Strip the tribalism out and the choice reduces to two questions: how far is your query vocabulary from your corpus vocabulary, and what operational budget does retrieval get. Everything else is detail.

dimensionlexical winsvectors win
query vocabularyshares terms with the corpus — code, your own notesparaphrases it — support questions, other people’s docs
corpuscode, curated technical textlarge, uncurated natural language
explaining a hitterm statistics you can audita similarity score you mostly can’t
ops surfacea tokenizer and an indexa model, an index lifecycle, rebuilds on model change
synonym and cross-lingual recallweak by constructionthe actual selling point

Condensed: vectors buy paraphrase recall, and everything else is cost. For code — where queries and corpus share an author population — you are usually buying recall you don’t need with operational complexity you definitely have to keep. For a support knowledge base queried by strangers, the purchase makes sense. The mistake is not choosing vectors; the mistake is choosing them by reputation, for every corpus, without a baseline.

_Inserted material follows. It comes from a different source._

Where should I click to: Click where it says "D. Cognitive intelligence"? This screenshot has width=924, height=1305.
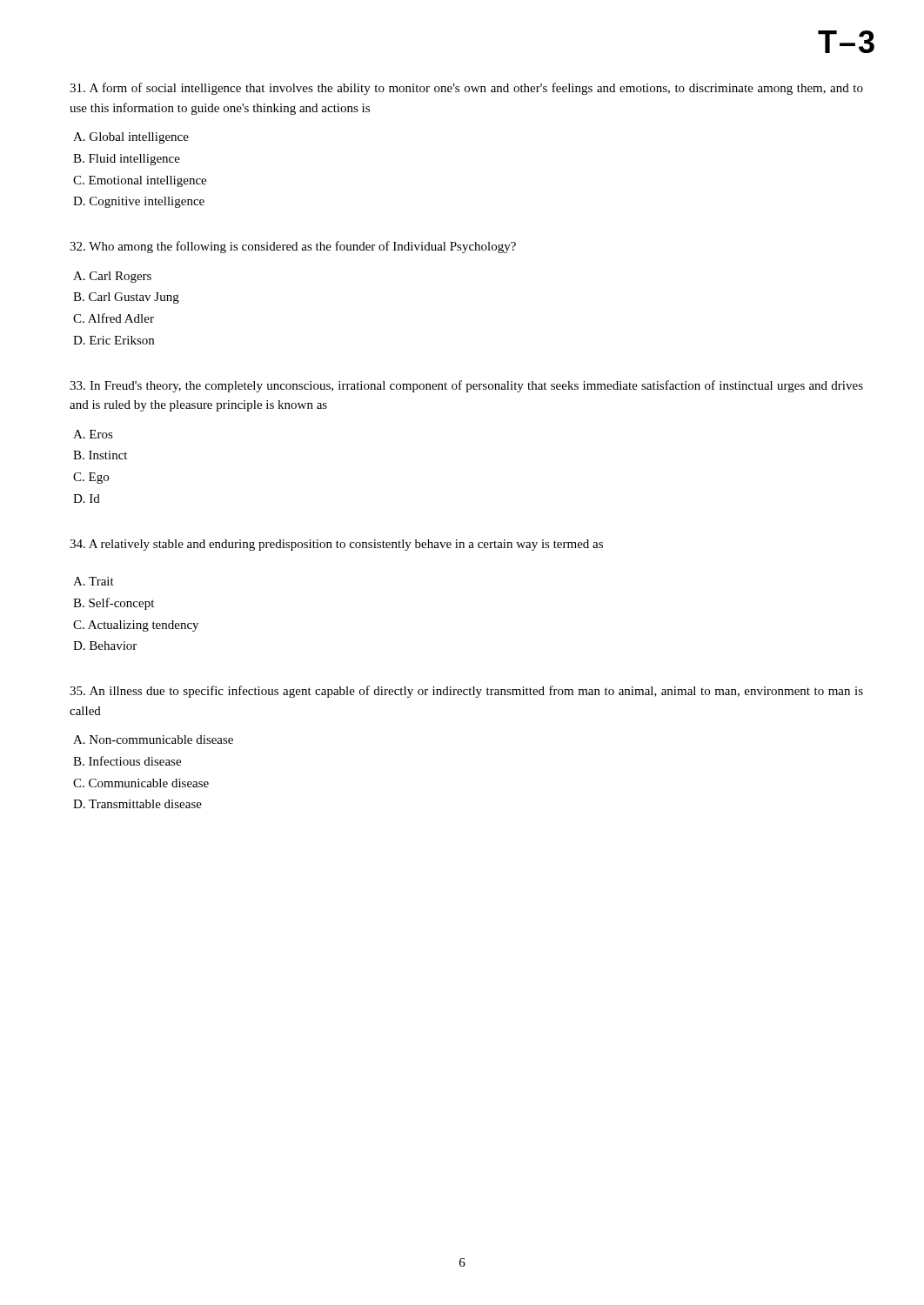click(x=139, y=201)
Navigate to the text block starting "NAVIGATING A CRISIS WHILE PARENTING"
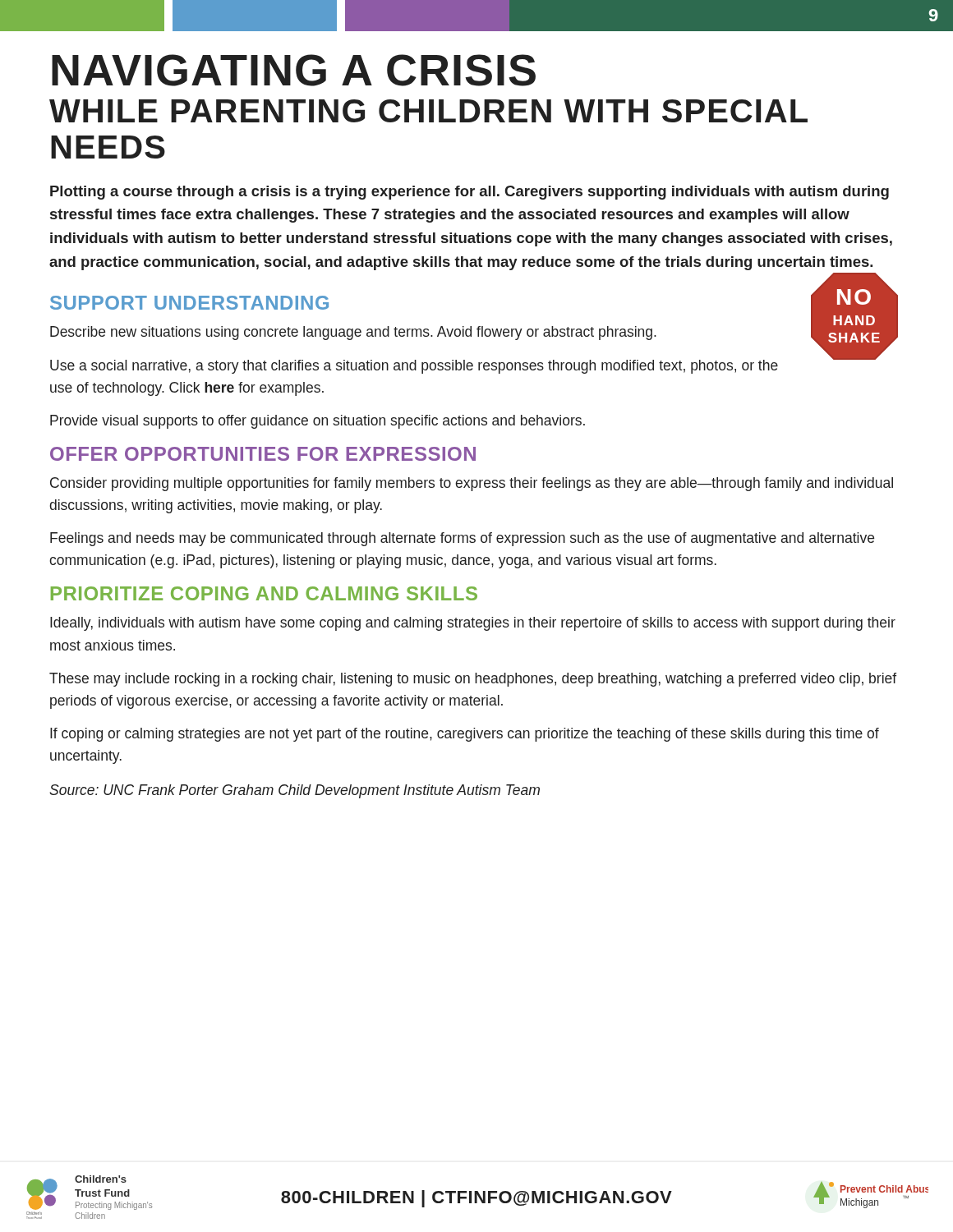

Hence the thesis millstone exists to test: you probably don’t need embeddings yet. “Yet” is load-bearing. Corpora grow, query populations drift away from the authors, paraphrase creeps in. The framework predicts a crossover; the harness is for locating it.

building the argument so it can lose

A thesis with a home-team scoreboard is marketing. So the bench harness is adversarial by construction:

  • millstone, tantivy, and SQLite FTS5 run behind one retriever interface, over the same corpora — SciFact, plus a file-localization task built from SWE-bench-lite. Two strong, independent lexical implementations keep my own crate honest.
  • The metrics — nDCG@10, MRR, Recall@k — are unit-tested against known values, because a bug in the scorer is indistinguishable from a result.
  • A Kendall-tau rank-correlation check against tantivy guards the rig’s validity. (An earlier attempt diffed absolute BM25 scores between the two and burned days on “bugs” that were legitimate normalization differences — rankings are the output that matters, so rankings are what get compared. The full dead-end story is in the case study.)
  • The fastembed+HNSW vector baseline is a documented placeholder, deferred to bench time on purpose. Wiring a half-tuned vector retriever now would manufacture exactly the strawman comparison this project exists to complain about. When it runs, it runs properly, or the result doesn’t ship.

Corpora are fetched by an xtask with checksums and never committed. From a clone, the whole experiment reproduces:

git clone https://github.com/slatino-dev/millstone.git
cd millstone
make reproduce   # fetch checksummed corpora, run every retriever, emit the tables

That command is the difference between this post and a hot take. The methodology is finished and inspectable today; the numbers arrive when the real runs do, and the millstone case study is where they will land first.

what I’d actually tell a team

Don’t take my side of the argument either — take the measurement.

Start with the cheap stack: BM25 behind a tokenizer that understands your identifiers, plus structure from the parser if your corpus is code. Write down ten real queries from your real users. Score both stacks on those before adopting either. If paraphrase recall is measurably costing you answers, add vectors — ideally as a hybrid with rank fusion rather than a replacement — and you’ll know precisely what the second system is paying for. If it isn’t, you just declined a model dependency, an index lifecycle, and an unexplainable relevance score, and your retrieval still works when the GPU is busy.

BM25 beat my vector database sometimes. The interesting engineering is in the word “sometimes,” and that word is checkable.